Estudiante de fisioterapia II

Maca empezó a comerle la boca apasionadamente y Lucía sin darse cuenta respondió al beso. Pensaba que no era lesbiana, pero le gustaba y estaba muy cachonda. Macarena fue bajando por su cuerpo, deleitándose con los pezones, chupándolos, mordiéndolos, estrujando el otro pecho. Lucía no paraba de jadear e inconscientemente fue bajando la cabeza de la otra chica hasta su vagina.

Preparación.

Aquella mañana había estado con una sensación confusa, excitada y avergonzada, y a la vez se sentía nerviosa por lo que les esperaba aquella tarde.

Lucía vivía en un piso compartido por tres estudiantes más, dos chicas y un chico.

Al levantarse se dirigió directamente al baño, intentando olvidar todo lo pasado, y al entrar se encontró con su compañero, Alan. Él estaba saliendo justamente en ese momento de la ducha por lo cual estaba completamente desnudo. Ella al principio no pudo dejar de observar su pene y cuando reaccionó se sonrojó y salió corriendo en dirección a la cocina.

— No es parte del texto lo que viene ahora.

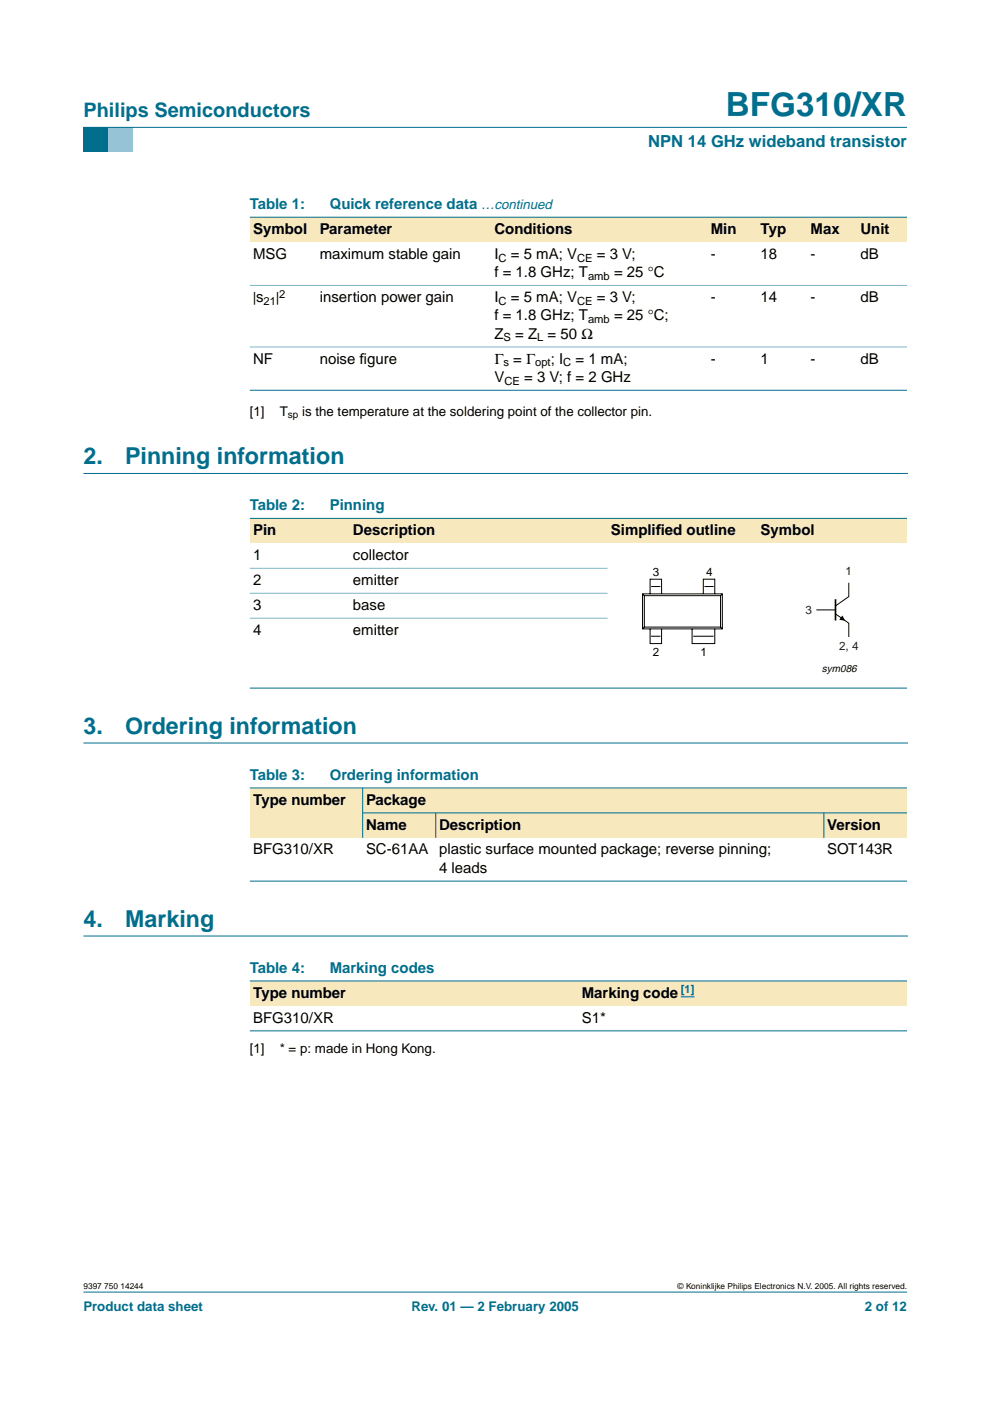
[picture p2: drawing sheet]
<svg xmlns="http://www.w3.org/2000/svg" width="210mm" height="297mm" viewBox="0 0 210 297" stroke-linecap="round" stroke-linejoin="round" font-family="sans-serif">
<defs><g id="words">
<text font-size="7.1" fill="#006e8c" x="153.9" y="24.7">BFG310/XR</text>
<g font-size="4.9" fill="#006e8c">
<text x="17.7" y="98.4">2.</text>
<text x="26.5" y="98.4">Pinning information</text>
<text x="17.7" y="155.5">3.</text>
<text x="26.5" y="155.5">Ordering information</text>
<text x="17.7" y="196.5">4.</text>
<text x="26.5" y="196.5">Marking</text>
</g>
<text font-size="4.2" fill="#006e8c" x="17.7" y="24.9">Philips Semiconductors</text>
<text font-size="3.5" fill="#006e8c" x="137.4" y="31.1">NPN 14 GHz wideband transistor</text>
<g font-size="3.2" fill="#006e8c">
<text x="53" y="44.3">Table 1:</text>
<text x="69.9" y="44.3">Quick reference data …continued</text>
<text x="53" y="108.1">Table 2:</text>
<text x="69.9" y="108.1">Pinning</text>
<text x="53" y="165.3">Table 3:</text>
<text x="69.9" y="165.3">Ordering information</text>
<text x="53" y="206.2">Table 4:</text>
<text x="69.9" y="206.2">Marking codes</text>
</g>
<g font-size="3.2">
<text x="53.7" y="49.6">Symbol</text>
<text x="67.8" y="49.6">Parameter</text>
<text x="104.8" y="49.6">Conditions</text>
<text x="150.7" y="49.6">Min</text>
<text x="161.3" y="49.6">Typ</text>
<text x="171.9" y="49.6">Max</text>
<text x="182.4" y="49.6">Unit</text>
<text x="53.7" y="54.9">MSG</text>
<text x="67.8" y="54.9">maximum stable gain</text>
<text x="104.8" y="58.8">f = 1.8 GHz; T</text>
<text x="104.8" y="54.9">I</text>
<text x="108.3" y="54.9">= 5 mA; V</text>
<text x="126.5" y="54.9">= 3 V;</text>
<text x="130.2" y="58.8">= 25 °C</text>
<text x="150.7" y="54.9">-</text>
<text x="161.3" y="54.9">18</text>
<text x="171.8" y="54.9">-</text>
<text x="182.4" y="54.9">dB</text>
<text x="53.7" y="64">|s</text>
<text x="58.5" y="64">|</text>
<text x="67.8" y="64">insertion power gain</text>
<text x="104.8" y="64">I</text>
<text x="108.3" y="64">= 5 mA; V</text>
<text x="126.5" y="64">= 3 V;</text>
<text x="150.7" y="64">-</text>
<text x="161.3" y="64">14</text>
<text x="171.9" y="64">-</text>
<text x="182.4" y="64">dB</text>
<text x="104.8" y="67.9">f = 1.8 GHz; T</text>
<text x="104.8" y="71.8">Z</text>
<text x="109.2" y="71.8">= Z = 50 Ω</text>
<text x="130.2" y="67.9">= 25 °C;</text>
<text x="53.7" y="77.1">NF</text>
<text x="67.8" y="77.1">noise f</text>
<text x="76.3" y="77.1">igure</text>
<text x="104.8" y="77.1">Γ = Γ</text>
<text x="116.8" y="77.1">; I</text>
<text x="122" y="77.1">= 1 mA;</text>
<text x="150.7" y="77.1">-</text>
<text x="161.3" y="77.1">1</text>
<text x="171.9" y="77.1">-</text>
<text x="182.4" y="77.1">dB</text>
<text x="104.8" y="81">V</text>
<text x="111.1" y="81">= 3 V; f = 2 GHz</text>
<text x="53.7" y="113.4">Pin</text>
<text x="74.8" y="113.4">Description</text>
<text x="129.5" y="113.4">Simplif</text>
<text x="139" y="113.4">ied outline</text>
<text x="161.3" y="113.4">Symbol</text>
<text x="53.7" y="118.7">1</text>
<text x="74.8" y="118.7">collector</text>
<text x="53.7" y="124">2</text>
<text x="74.8" y="124">emitter</text>
<text x="53.7" y="129.3">3</text>
<text x="74.8" y="129.3">base</text>
<text x="53.7" y="134.6">4</text>
<text x="74.8" y="134.6">emitter</text>
<text x="53.7" y="170.6">Type number</text>
<text x="77.6" y="170.6">Package</text>
<text x="77.6" y="175.9">Name</text>
<text x="93.1" y="175.9">Description</text>
<text x="175.4" y="175.9">Version</text>
<text x="53.7" y="181.2">BFG310/XR</text>
<text x="77.6" y="181.2">SC-61AA</text>
<text x="93.1" y="185">4 leads</text>
<text x="93.1" y="181.2">plastic surface mounted package; reverse pinning;</text>
<text x="175.4" y="181.2">SOT143R</text>
<text x="53.7" y="211.5">Type number</text>
<text x="123.3" y="211.5">Marking code</text>
<text x="53.7" y="216.8">BFG310/XR</text>
<text x="123.3" y="216.8">S1*</text>
</g>
<g font-size="2.8">
<text x="53" y="88.2">[1]</text>
<text x="59.3" y="88.2">T</text>
<text x="64.1" y="88.2">is the temperature at the soldering point of the collector pin.</text>
<text x="53" y="223.3">[1]</text>
<text x="59.3" y="223.3">* = p: made in Hong Kong.</text>
</g>
<g font-size="2.8" fill="#006e8c">
<text x="17.7" y="278">Product data sheet</text>
<text x="87.2" y="278">Rev. 01 — 2 February 2005</text>
<text x="183.4" y="278">2 of 12</text>
</g>
<g font-size="2.5">
<text x="138.4" y="122">3</text>
<text x="149.7" y="122">4</text>
<text x="138.4" y="139">2</text>
<text x="148.5" y="139">1</text>
</g>
<g font-size="2.5" fill="#231f20">
<text x="179.3" y="122">1</text>
<text x="170.8" y="130.2">3</text>
<text x="177.9" y="137.8">2, 4</text>
</g>
<g font-size="2.4">
<text x="105.7" y="55.4">C</text>
<text x="122.3" y="55.4">CE</text>
<text x="124.7" y="59.3">amb</text>
<text x="55.9" y="64.6">21</text>
<text x="59.2" y="63.1">2</text>
<text x="105.7" y="64.6">C</text>
<text x="122.3" y="64.6">CE</text>
<text x="124.7" y="68.5">amb</text>
<text x="106.7" y="77.7">s</text>
<text x="106.8" y="72.4">S</text>
<text x="113.5" y="77.7">opt</text>
<text x="113.9" y="72.4">L</text>
<text x="119.4" y="77.7">C</text>
<text x="106.9" y="81.6">CE</text>
</g>
<text font-size="2.4" fill="#00f" x="144.3" y="210.6">[1]</text>
<text font-size="2.2" x="174.2" y="142.6">sym086</text>
<text font-size="2.1" x="61" y="88.7">sp</text>
<g font-size="1.8">
<text x="17.7" y="273.4">9397 750 14244</text>
<text x="143.7" y="273.4">© Koninklijke Philips Electronics N.V. 2005. All rights reserved.</text>
</g>
</g></defs>
<path d="M17.7 273.9h174.6z" fill="#006e8c" stroke="#006e8c" stroke-width=".21"/>
<path d="M17.7 27h5.3v5.3h-5.3z" fill-rule="evenodd" fill="#006e8c"/>
<path d="M23 27h5.3v5.3h-5.3z" fill-rule="evenodd" fill="#96c4d6"/>
<path d="M17.7 27h174.6z" fill="#006e8c" stroke="#006e8c" stroke-width=".21"/>
<path d="M17.7 100.4h174.7M17.7 157.5h174.7M17.7 198.5h174.7" fill="none" stroke="#006e8c" stroke-width=".21"/>
<g fill="#f7e8bd">
<path d="M53 46.1h14.1v5.2h-14.1z" fill-rule="evenodd"/>
<path d="M67.1 46.1h37v5.2h-37z" fill-rule="evenodd"/>
<path d="M104.1 46.1h40.6v5.2h-40.6z" fill-rule="evenodd"/>
<path d="M144.7 46.1h5.3v5.2h-5.3z" fill-rule="evenodd"/>
<path d="M150 46.1h10.6v5.2h-10.6z" fill-rule="evenodd"/>
<path d="M160.6 46.1h10.5v5.2h-10.5z" fill-rule="evenodd"/>
<path d="M171.1 46.1h10.6v5.2h-10.6z" fill-rule="evenodd"/>
<path d="M181.7 46.1h10.6v5.2h-10.6z" fill-rule="evenodd"/>
</g>
<g fill="#006e8c" stroke="#006e8c" stroke-width=".21">
<path d="M53 46.1h139.3z"/>
<path d="M53 82.7h139.3z"/>
</g>
<g fill="#80b6c6" stroke="#80b6c6" stroke-width=".21">
<path d="M53 60.5h139.3z"/>
<path d="M53 73.6h139.3z"/>
</g>
<g fill="#f7e8bd">
<path d="M53 109.9h21.1v5.3h-21.1z" fill-rule="evenodd"/>
<path d="M74.1 109.9h44.1v5.3h-44.1z" fill-rule="evenodd"/>
<path d="M118.2 109.9h10.6v5.3h-10.6z" fill-rule="evenodd"/>
<path d="M128.8 109.9h31.8v5.3h-31.8z" fill-rule="evenodd"/>
<path d="M160.6 109.9h31.7v5.3h-31.7z" fill-rule="evenodd"/>
</g>
<g fill="#006e8c" stroke="#006e8c" stroke-width=".21">
<path d="M53 109.9h139.3z"/>
<path d="M53 145.9h139.3z"/>
</g>
<g fill="#80b6c6" stroke="#80b6c6" stroke-width=".21">
<path d="M53 120.5h75.8z"/>
<path d="M53 125.8h75.8z"/>
<path d="M53 131.1h75.8z"/>
</g>
<g fill="none" stroke="#000" stroke-width=".21">
<path d="M136.2 125.9h17v7.4h-17zM136.2 125.9l.4 .4M136.6 126.3h16.2v6.7h-16.2zM136.6 133l-.4 .3M137.8 125.9v-3.1h2.5v3.1M137.8 133.3v3.2h2.5v-3.2M138 134.9h2M138.1 124.4h1.9M146.7 133.3v3.2h4.9v-3.2M147 134.9h4.3M149.1 125.9v-3.1h2.5v3.1M149.4 124.4h1.9"/>
<path d="M152.8 133l.4 .3M153.2 125.9l-.4 .4M173.2 129.3h3.9M177.1 130.2l2.9 1.9v2.9M180 123.7v2.8l-2.9 2"/>
</g>
<path d="M178.6 130.5l.6 1.1-1.3-.2z" fill="#000"/>
<path d="M177.1 127.1v4.5" fill="none" stroke="#000" stroke-width=".35"/>
<g fill="#f7e8bd">
<path d="M53 167.1h23.9v10.5h-23.9z" fill-rule="evenodd"/>
<path d="M76.9 167.1h115.4v5.2h-115.4z" fill-rule="evenodd"/>
<path d="M76.9 172.3h15.5v5.3h-15.5z" fill-rule="evenodd"/>
<path d="M92.4 172.3h82.3v5.3h-82.3z" fill-rule="evenodd"/>
<path d="M174.7 172.3h17.6v5.3h-17.6z" fill-rule="evenodd"/>
</g>
<g fill="#006e8c" stroke="#006e8c" stroke-width=".21">
<path d="M76.9 167v10.6z"/>
<path d="M92.4 172.3v5.3z"/>
<path d="M174.7 172.3v5.3z"/>
<path d="M53 167.1h139.3z"/>
<path d="M76.8 172.3h115.5z"/>
<path d="M53 186.8h139.3z"/>
</g>
<g fill="#f7e8bd">
<path d="M53 208h69.6v5.3h-69.6z" fill-rule="evenodd"/>
<path d="M122.6 208h69.7v5.3h-69.7z" fill-rule="evenodd"/>
</g>
<path d="M144.3 211.3h2.9z" fill="#00f" stroke="#00f" stroke-width=".21"/>
<g fill="#006e8c" stroke="#006e8c" stroke-width=".21">
<path d="M53 208h139.3z"/>
<path d="M53 218.6h139.3z"/>
</g>
<use href="#words"/>
</svg>

Allí se encontraba Miriam, una chica rubia de profundos ojos marrones, cuerpo pequeño, con poco pecho, pero con un culo respingón. Era la lujuria en persona.

– Buenos días, Lucía. ¿Qué tal ha ido la noche? ¡Vaya fiestecita te montaste en tu cuarto! – Buenos días, Miriam. – Vaya, qué humor tienes esta mañana… no que tu amante te hubiese dejado a medias…

En ese momento entró Alan, ya vestido, para desayunar.

– ¿Con que Lucía tiene un amante y lo trae a casa, eh? Tendré que vigilar quien amenaza con ocupar mi lugar de macho de la casa…- ¡Dejaos de gilipolleces! Yo no tengo ningún amante.- Ya, ya… “Pablo, sigue, dame tu polla, si, así…”- ¡Cállate!- “Pablo, sigue, sí, sí, aaaahhh, córrete en mi boca, soy tu perra, aaahhh…”

Lucía no lo soportaba más, quería olvidarlo y así no lo conseguía. Se levantó hecha una furia y se dirigía a salir por el pasillo, pero Miriam seguía con su burla.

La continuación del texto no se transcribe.